Transmembrane protease, serine 4, or TMPRSS4, is a protein that functions as an enzyme on the surface of certain cells. These types of proteins, which span the cell’s outer membrane, are involved in a wide variety of biological processes. TMPRSS4 is one such protein, with identified roles in both maintaining healthy tissues and advancing pathological conditions. Its presence and concentration in the body have become a subject of study for understanding and potentially treating specific diseases.
Normal Function and Location
TMPRSS4 is primarily found on the surface of epithelial cells, which are the cells that form the lining of tissues and cavities throughout the body. These linings act as barriers, and the protein is expressed in several organs to help maintain them. Specifically, TMPRSS4 is located in the epithelial tissues of the pancreas, stomach, small intestine, and colon.
The presumed normal function of TMPRSS4 relates to the stability and integrity of these cellular barriers. It is a type of protein known as a serine protease, which means its job is to cut other proteins. This action is believed to contribute to the maintenance of tissues.

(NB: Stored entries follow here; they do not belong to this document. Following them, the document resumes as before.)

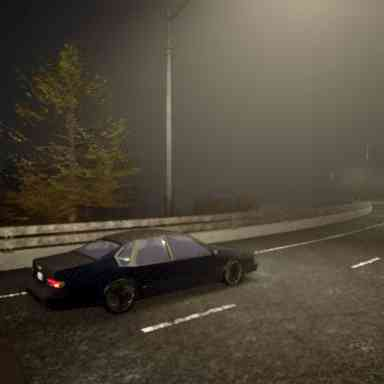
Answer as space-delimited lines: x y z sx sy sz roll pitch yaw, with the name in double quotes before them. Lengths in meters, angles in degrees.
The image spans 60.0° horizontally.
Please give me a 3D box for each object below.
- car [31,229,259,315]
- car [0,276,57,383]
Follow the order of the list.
"car" -0.827 1.590 7.687 5.357 1.411 2.033 0 0 -39
"car" -3.522 1.573 1.330 5.357 1.411 2.033 0 0 -35
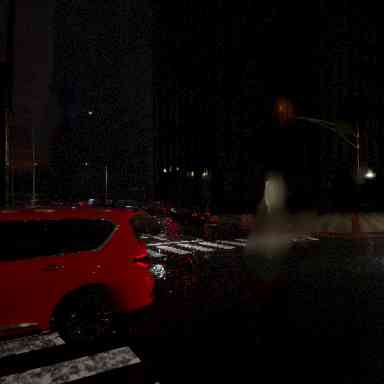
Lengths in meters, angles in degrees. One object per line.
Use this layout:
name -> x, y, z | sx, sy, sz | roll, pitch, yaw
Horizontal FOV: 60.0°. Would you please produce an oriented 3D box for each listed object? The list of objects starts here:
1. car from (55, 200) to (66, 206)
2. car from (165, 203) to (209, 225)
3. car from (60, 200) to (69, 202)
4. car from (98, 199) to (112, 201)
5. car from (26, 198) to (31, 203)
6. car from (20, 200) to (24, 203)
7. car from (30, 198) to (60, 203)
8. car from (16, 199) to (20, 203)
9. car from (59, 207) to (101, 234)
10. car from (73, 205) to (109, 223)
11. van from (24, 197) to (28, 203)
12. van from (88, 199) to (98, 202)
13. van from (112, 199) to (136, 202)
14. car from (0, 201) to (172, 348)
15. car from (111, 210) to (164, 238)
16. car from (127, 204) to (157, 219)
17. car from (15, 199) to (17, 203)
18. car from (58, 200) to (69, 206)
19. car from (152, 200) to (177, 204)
car -> -33.396, 2.695, 84.185 | 2.008, 1.369, 4.403 | -1, 0, -30
car -> -0.340, 1.851, 26.833 | 1.887, 1.381, 4.507 | -1, 0, -30
car -> -20.385, 2.255, 50.074 | 2.033, 1.411, 5.357 | 0, -1, -30
car -> -10.485, 1.886, 44.476 | 2.192, 1.841, 5.009 | -1, 0, -30
car -> -22.373, 2.142, 47.983 | 1.967, 1.590, 4.097 | -1, 0, -30
car -> -29.782, 2.331, 60.837 | 1.967, 1.590, 4.097 | -1, 0, -30
car -> -17.497, 1.891, 39.518 | 2.192, 1.841, 5.009 | -1, 0, -30
car -> -37.836, 2.634, 74.815 | 1.887, 1.381, 4.507 | -1, 0, -30
car -> -7.649, 1.845, 22.437 | 1.752, 1.417, 4.829 | -1, 0, -30
car -> -9.562, 1.972, 31.110 | 2.033, 1.411, 5.357 | 0, -1, -30
van -> -24.815, 2.105, 52.217 | 1.690, 1.788, 3.998 | -1, 0, -30
van -> -15.554, 2.043, 53.296 | 1.690, 1.788, 3.998 | -1, 0, -30
van -> -7.949, 1.846, 40.065 | 1.690, 1.788, 3.998 | -1, 0, -30
car -> -3.306, 1.272, 4.909 | 5.566, 2.045, 2.150 | 0, 0, -30
car -> -3.525, 1.868, 20.637 | 1.895, 1.301, 4.718 | 0, -1, -28
car -> -5.409, 2.021, 35.654 | 1.802, 1.307, 4.206 | -1, 0, -30
car -> -40.520, 2.736, 79.474 | 1.802, 1.307, 4.206 | -1, 0, -30
car -> -30.798, 2.648, 79.678 | 1.947, 1.339, 4.313 | -1, 0, -30
car -> -2.879, 1.688, 31.244 | 2.192, 1.841, 5.009 | -1, 0, -30
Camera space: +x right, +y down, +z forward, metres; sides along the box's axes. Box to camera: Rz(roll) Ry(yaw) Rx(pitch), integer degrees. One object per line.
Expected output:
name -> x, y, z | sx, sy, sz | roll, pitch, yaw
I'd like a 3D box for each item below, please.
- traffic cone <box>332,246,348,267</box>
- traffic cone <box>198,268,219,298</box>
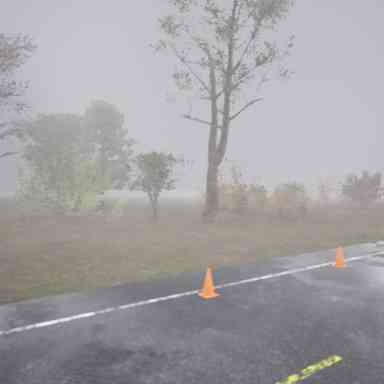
traffic cone -> 4.493, 1.951, 10.112 | 0.340, 0.580, 0.340 | 0, 0, -35
traffic cone -> 0.366, 1.950, 7.244 | 0.340, 0.580, 0.340 | 0, 0, -35
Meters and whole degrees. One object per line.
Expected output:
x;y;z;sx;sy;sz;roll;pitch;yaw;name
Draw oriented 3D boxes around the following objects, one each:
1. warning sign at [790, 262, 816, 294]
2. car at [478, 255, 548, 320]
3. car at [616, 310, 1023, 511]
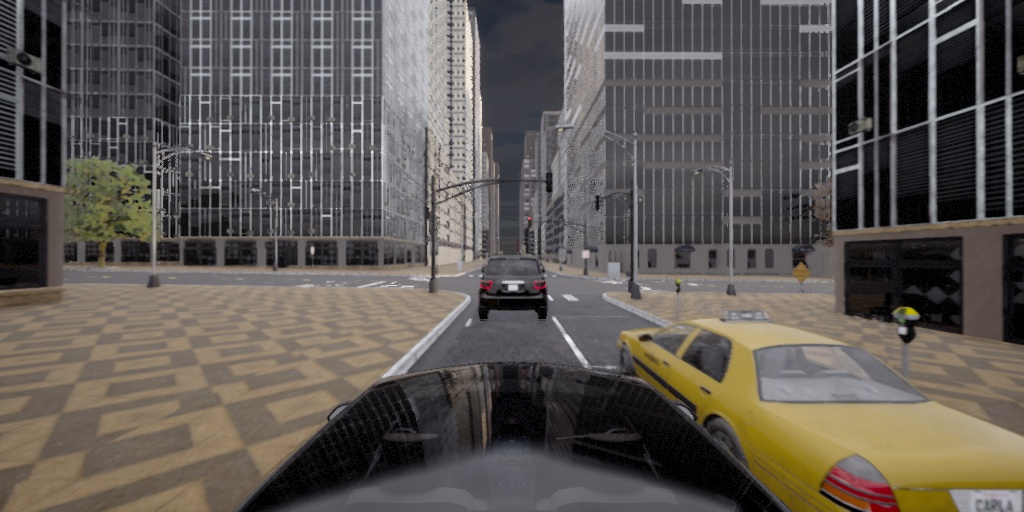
17.252;1.284;21.362;1.060;1.860;1.300;0;0;-3;warning sign
0.032;1.014;12.884;2.150;2.045;5.566;0;0;0;car
2.564;1.285;4.206;1.751;1.417;4.829;0;0;0;car
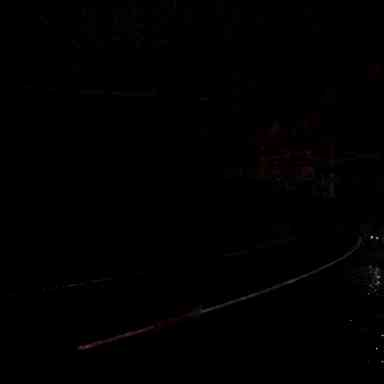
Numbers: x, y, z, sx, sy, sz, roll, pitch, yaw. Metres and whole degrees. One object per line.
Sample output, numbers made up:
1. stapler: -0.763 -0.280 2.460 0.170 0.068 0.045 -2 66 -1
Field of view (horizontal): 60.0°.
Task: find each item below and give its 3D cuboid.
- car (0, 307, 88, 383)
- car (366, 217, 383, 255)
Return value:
1. car: -3.059 1.548 2.031 4.674 1.442 1.812 1 -1 -35
2. car: 8.718 1.821 14.301 2.128 1.511 4.902 0 -2 32
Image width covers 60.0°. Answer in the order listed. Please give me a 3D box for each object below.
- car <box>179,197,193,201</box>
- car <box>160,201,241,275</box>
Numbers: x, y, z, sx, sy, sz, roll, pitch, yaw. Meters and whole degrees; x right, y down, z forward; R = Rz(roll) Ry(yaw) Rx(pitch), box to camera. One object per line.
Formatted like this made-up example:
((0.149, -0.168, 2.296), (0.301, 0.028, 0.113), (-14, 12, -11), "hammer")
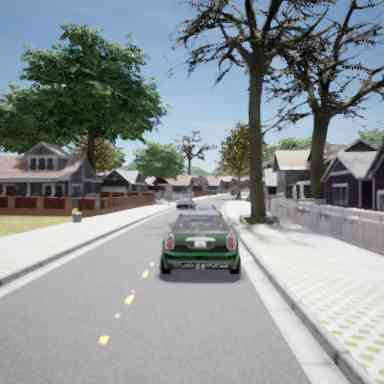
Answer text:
((-0.716, 1.361, 40.437), (2.033, 1.411, 5.357), (0, 0, 6), "car")
((0.278, 1.323, 10.520), (2.097, 1.767, 4.553), (0, 0, 2), "car")
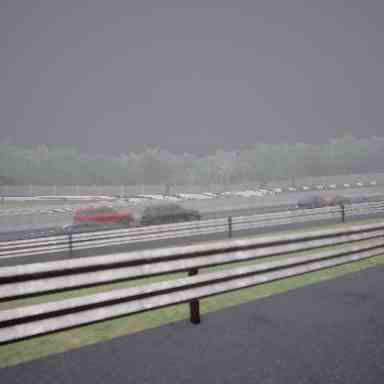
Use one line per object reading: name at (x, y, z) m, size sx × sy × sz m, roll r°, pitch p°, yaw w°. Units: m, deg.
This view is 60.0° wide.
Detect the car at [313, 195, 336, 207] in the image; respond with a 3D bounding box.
car at (16.301, 1.090, 37.237) m, size 4.674 × 1.442 × 1.812 m, roll -4°, pitch 2°, yaw -22°

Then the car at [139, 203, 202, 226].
car at (-1.944, 2.033, 29.730) m, size 5.566 × 2.045 × 2.150 m, roll -4°, pitch 2°, yaw -22°

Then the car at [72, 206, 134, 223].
car at (-8.259, 2.334, 30.916) m, size 5.566 × 2.045 × 2.150 m, roll -4°, pitch 2°, yaw -22°

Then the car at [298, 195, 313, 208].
car at (14.968, 1.097, 40.473) m, size 4.181 × 1.385 × 1.994 m, roll -4°, pitch 2°, yaw -22°

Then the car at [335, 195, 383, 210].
car at (17.636, 1.087, 34.002) m, size 4.902 × 1.511 × 2.128 m, roll -4°, pitch 2°, yaw -22°

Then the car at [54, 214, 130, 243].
car at (-7.270, 2.796, 23.757) m, size 4.892 × 1.490 × 1.837 m, roll -4°, pitch 2°, yaw -22°
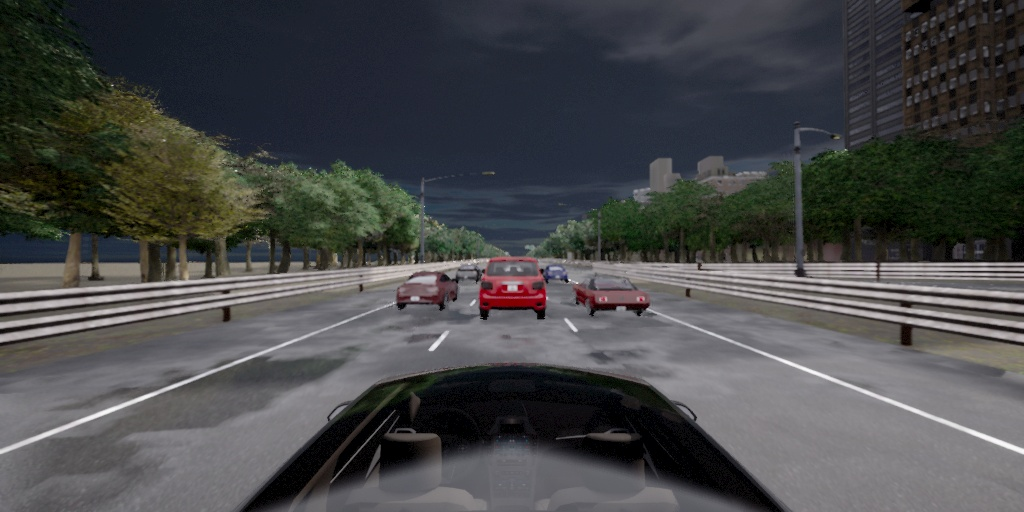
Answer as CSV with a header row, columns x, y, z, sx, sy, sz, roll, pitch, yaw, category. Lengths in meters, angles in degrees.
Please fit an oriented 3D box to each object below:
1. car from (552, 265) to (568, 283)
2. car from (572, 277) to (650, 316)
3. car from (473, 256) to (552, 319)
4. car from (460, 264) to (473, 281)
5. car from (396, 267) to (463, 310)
x,y,z,sx,sy,sz,roll,pitch,yaw,category
3.562,1.450,30.070,1.812,1.442,4.674,0,0,1,car
3.545,1.432,13.774,1.895,1.301,4.718,0,0,1,car
0.038,1.051,13.330,2.150,2.045,5.566,0,0,0,car
-3.444,1.415,29.379,2.128,1.511,4.902,0,0,1,car
-3.444,1.366,15.124,1.812,1.442,4.674,0,0,1,car
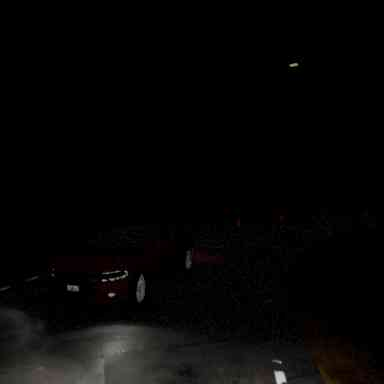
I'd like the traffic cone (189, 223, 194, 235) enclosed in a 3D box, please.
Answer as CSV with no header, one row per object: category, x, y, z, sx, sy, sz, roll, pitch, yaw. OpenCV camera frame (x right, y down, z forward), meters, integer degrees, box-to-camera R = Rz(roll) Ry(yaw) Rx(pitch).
traffic cone,-0.071,1.960,17.611,0.340,0.580,0.340,0,0,31

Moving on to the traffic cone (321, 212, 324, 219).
traffic cone,11.405,2.006,29.013,0.340,0.580,0.340,0,0,-30

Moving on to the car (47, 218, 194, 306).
car,-1.423,1.480,8.414,1.882,1.535,5.008,0,0,17

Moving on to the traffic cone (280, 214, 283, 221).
traffic cone,6.955,1.982,25.856,0.340,0.580,0.340,0,0,-40

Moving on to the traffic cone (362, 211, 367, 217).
traffic cone,16.334,2.036,31.360,0.340,0.580,0.340,0,0,-21

Role in Cancer Progression
In many types of cancer, the gene for TMPRSS4 becomes overexpressed, leading to an excessive amount of the protein. This phenomenon is observed in pancreatic, lung, colon, and prostate cancers, where high levels of the protein are often associated with more aggressive disease. The elevated quantity of TMPRSS4 on the cancer cell surface directly aids the tumor’s ability to grow and spread.
TMPRSS4 acts like a pair of molecular scissors, cleaving proteins that make up the extracellular matrix—the scaffold that holds cells together in a tissue. By cutting through this matrix, the protein clears a path for cancer cells to break away from their original tumor site. This process, known as invasion, is the first step toward metastasis, where cancer cells travel through the bloodstream or lymphatic system to form new tumors in other organs.
The protein also triggers a change in cancer cells known as the epithelial-mesenchymal transition (EMT). During EMT, stationary epithelial cancer cells transform into a more mobile, mesenchymal form. This change in cell shape and adhesion properties makes it easier for them to detach from the primary tumor and migrate. TMPRSS4 promotes this transition, enabling cancer cells to become more invasive.
The presence of TMPRSS4 has been linked to signaling pathways inside the cell that promote survival and proliferation. For example, it can activate pathways like ERK, which encourages cells to divide more rapidly and resist programmed cell death. By influencing these internal signals, TMPRSS4 supports the growth and persistence of the tumor.
Connection to Viral Infections
Beyond its role in cancer, TMPRSS4 is also involved in the life cycle of certain viruses. Similar to the better-known protein TMPRSS2, which gained attention for its role in SARS-CoV-2 infections, TMPRSS4 can act as an entry-enabling protein for some viral pathogens. It functions by preparing a virus to fuse with and enter a host cell to begin infection.
This mechanism is particularly relevant for some strains of the influenza virus. For the influenza virus to successfully infect a cell, a protein on its surface called hemagglutinin must be cleaved at a specific site. TMPRSS4, with its protease activity, can perform this cut. After the virus attaches to a human cell, TMPRSS4 on the cell’s surface cleaves the hemagglutinin, which activates it and initiates fusion of the viral and cell membranes, allowing viral entry.
The ability of TMPRSS4 to facilitate viral entry highlights its broader biological significance. While its overexpression is linked to disease in the context of cancer, its function as a host factor for viruses is a distinct role. This demonstrates how a single human protein can be co-opted by pathogens to advance their replication.
Therapeutic and Diagnostic Implications
The elevated presence of TMPRSS4 in certain tumors makes it a useful prognostic marker. Doctors can measure the amount of this protein in a patient’s tumor tissue to help predict the likely course of the disease. High levels of TMPRSS4 expression in cancers such as gastric, colon, and non-small-cell lung cancer often correlate with a poorer prognosis, indicating a more aggressive cancer with a higher likelihood of metastasis.
The protein’s involvement in cancer cell invasion and metastasis makes it a target for new therapies. Researchers are exploring the development of drugs known as inhibitors, designed to block the enzymatic action of TMPRSS4. The goal of these inhibitors is to prevent the protein from clearing a path for cancer cells to spread.
This area of research is focused on creating highly selective compounds that can target TMPRSS4 without interfering with other similar serine proteases in the body, which could cause unwanted side effects. While these therapies are not yet available as standard treatments, they represent a promising direction in oncology. Developing effective TMPRSS4 inhibitors could offer a way to halt metastasis.